In a new study, brain scan data could correctly predict who would and would not relapse about three-quarters of the time—a significant improvement over past efforts.
Predicting who will remain drug-free and who will relapse following treatment for drug addiction has been impossible. Now, psychologists think they’ve found a possible clue. For stimulants like cocaine and amphetamines, at least, activity in the brain’s reward-processing circuits could be the key.
Kelly MacNiven, a postdoctoral fellow at Stanford University and lead author of the new paper, stresses that the results are preliminary—she and her colleagues only looked at 36 people, who were all veterans and mostly men. But if the results hold up in other groups, it could help doctors figure out who is likely to relapse and might need more help.
“Even if this doesn’t lead to treatments, we think it could be useful just as a way of determining who’s at most risk,” says senior author Brian Knutson, a professor of psychology.
The researchers are not the first to try to predict who might relapse, nor are they the first to look to brain scans for an answer. In the past, doctors have tried to use clinical observations, demographic data such as how long someone has used a drug, and patient reports such as feelings of craving a drug to predict relapse, with little success. Building on brain research in animals, psychologists have also tried to identify brain activity that might predict relapse in humans, but again without much success.
“The results have been scattered,” says Knutson.
With that in mind, the researchers took a slightly different approach to their brain scans than others had. They started with fMRI scans of 36 people who were participating in a 28-day residential treatment program for veterans with stimulant use disorders, along with 40 healthy people recruited from the surrounding community.
During each scan, study participants viewed a series of images of things like food, office supplies, and, importantly, drugs and drug paraphernalia as they would in other studies. After the participants left treatment, the team then followed up at one, three, and six months with interviews and, in some cases, drug tests to find out if any of the patients had relapsed.
The key difference between this study and previous approaches was in how the team presented the images.
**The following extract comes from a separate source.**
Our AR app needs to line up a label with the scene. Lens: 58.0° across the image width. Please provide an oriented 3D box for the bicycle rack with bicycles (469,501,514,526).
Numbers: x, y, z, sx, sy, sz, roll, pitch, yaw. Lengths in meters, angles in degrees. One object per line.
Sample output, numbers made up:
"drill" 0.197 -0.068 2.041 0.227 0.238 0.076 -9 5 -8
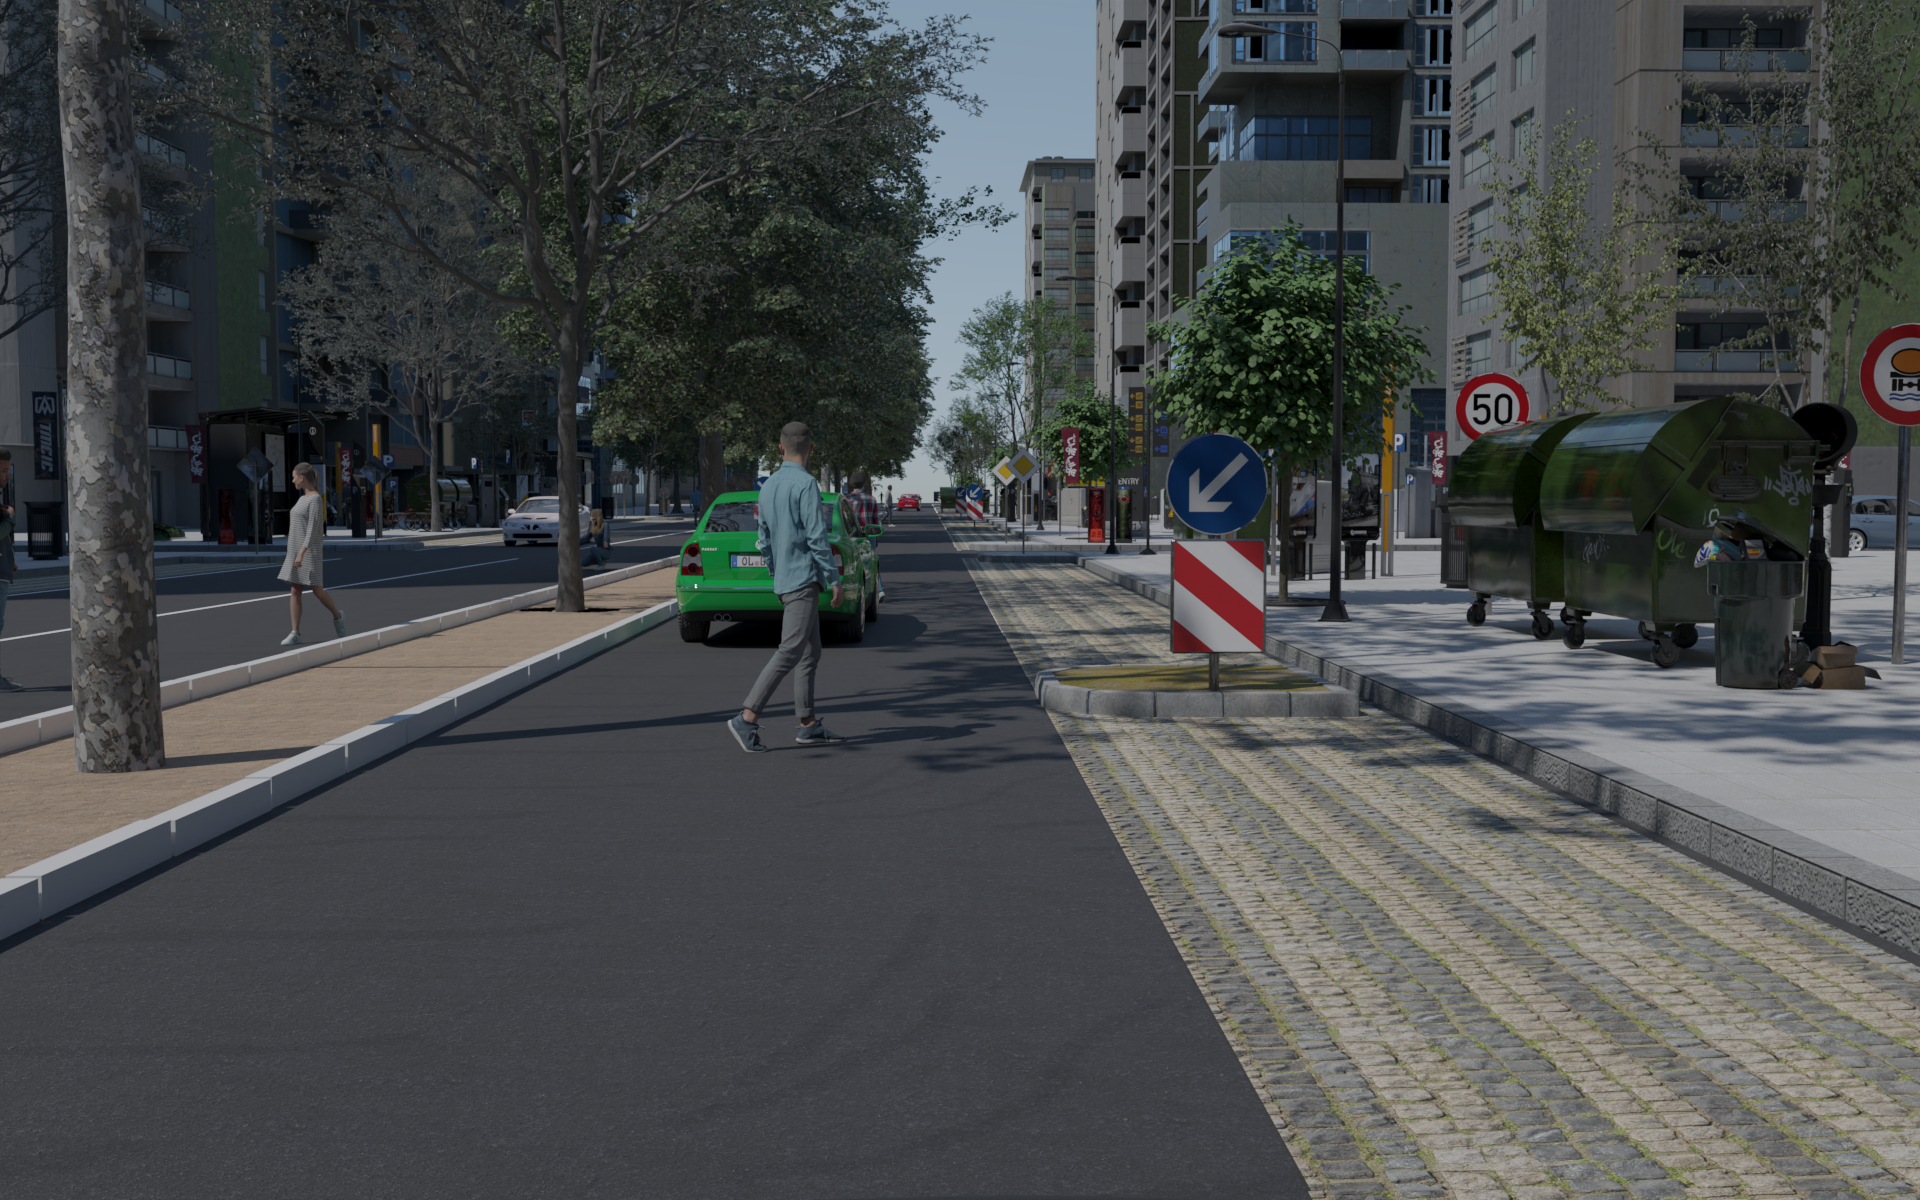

Unlike past efforts, they presented the images largely at random, so that participants wouldn’t become inured to one or another type of image. In addition, a cue that indicated which type of image was about to appear preceded each image, a choice designed to increase anticipation for what was about to come.
Reward center reaction
Compared to healthy people, drug rehabilitation patients’ brains responded more to the drug images, particularly in a set of brain regions known as the mesolimbic system, known colloquially as the brain’s reward processing system.
What’s more, activity in one part of the reward system—a region called the nucleus accumbens—was strongly associated with relapse three months later. Using just activity in the nucleus accumbens, the team could correctly identify 77 percent of the patients who relapsed by three months. That’s a significant improvement over other methods for predicting relapse, which don’t do much better than chance, MacNiven says.
The researchers also found that the more the nucleus accumbens responded to drug images, the sooner patients relapsed. Of the patients with the smallest nucleus accumbens response, 76 percent made it past three months without a relapse. In comparison, only 38 percent of those with the largest response made it to three months.
The researchers are exploring a number of next steps, the most important of which is extending their research to include more women—only two made it into the patient group in the current study. The team is also looking into ways it could use the results to guide treatment strategies, for example by providing different kinds of feedback to patients whose brains respond the most to drug images.
But for now, MacNiven says, the most encouraging thing is that doctors may have a new way to figure out who is most at risk for relapse.
“There’s really no way of knowing whether someone is going to benefit from treatment or whether they’ll relapse,” MacNiven says. “If we have a signal that is predictive of relapse, that is in and of itself important.”
The study appears in JAMA Network Open. Additional authors are from Stanford and the Veterans Affairs Palo Alto Health System.
The NeuroChoice Initiative of the Wu Tsai Neurosciences Institute and the Veterans Administration funded the study.